Hadley suggests augmented reality could also be used to monitor equipment in real-time while walking around the factory floor.

See also: Port of Felixstowe 5G project goes live crane sensors, AI modelling

For VFE, the 5GEM project has been very useful in gathering experience of setting up a secure private mobile network, says Jenner: “Lots of our customers who would like to do it, it's a difficult thing for them – and somebody needs to do the work to find out how to try and do it. We would not have been able to do it on our own.

“None of the members of the 5GEM consortium would have been able to get to where we are today without it,” adds Jenner.

“if Paul was happy with the security of it, and it was dealing with all the things we wanted to do as well, then that’s something that we can then put forward and say to other customers: ‘This is a thing that actually works.’

“And then it helps add to their business case, whether they want to put in a mobile private network as well. Because we can show them these are the benefits, and we've tested the security things and it works very well,” says Jenner.

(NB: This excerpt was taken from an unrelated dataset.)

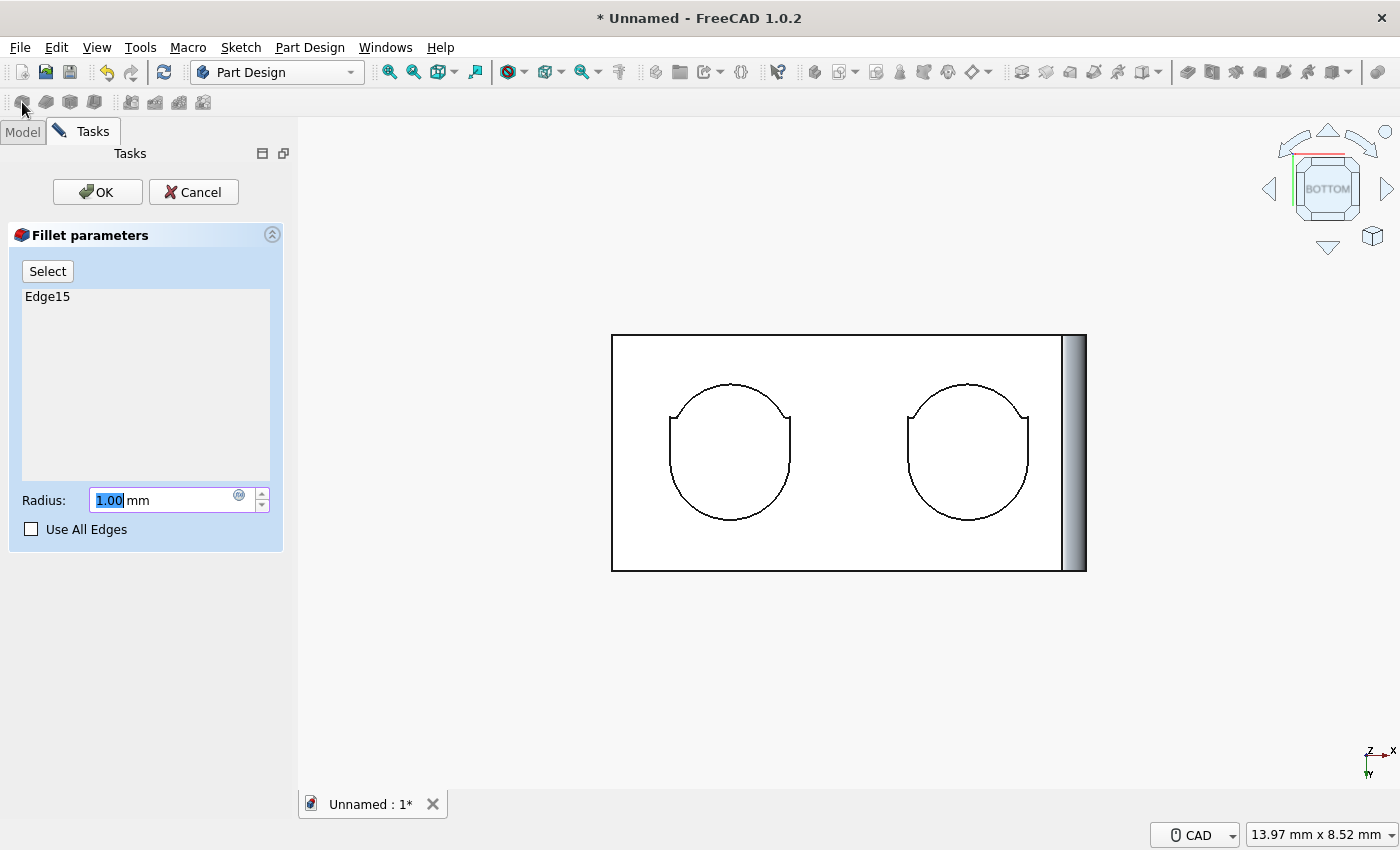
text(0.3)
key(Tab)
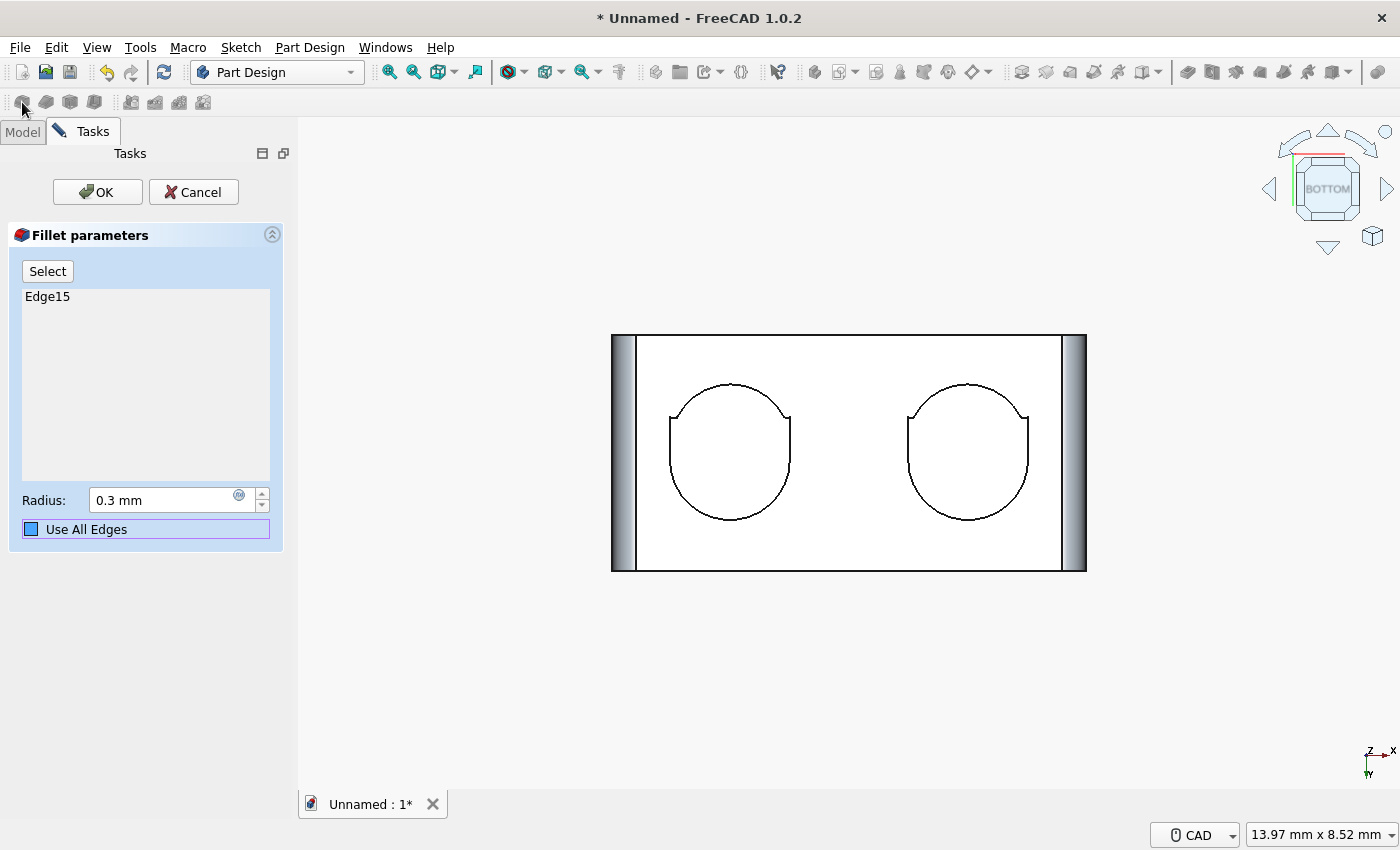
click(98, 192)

Ford's 5G network is now being decommissioned, but VFE is already in discussions with Vodafone about potentially establishing a private 5G network at VFE’s training school, which would allow device manufacturers to try out their equipment with working machines, which would be difficult at live customer sites.

Ford is also looking forward to staying in touch with its consortium partners and contacts other 5G projects, according to Hadley.

“We know the projects, we know which are the ones that are industrial ones, which have got parallels with what we're doing,” he says. “So things like Factory of the Future, where we see they're doing interesting stuff. RuralDorset are using drones and so on, and so you think, actually, there's stuff that we could do there.”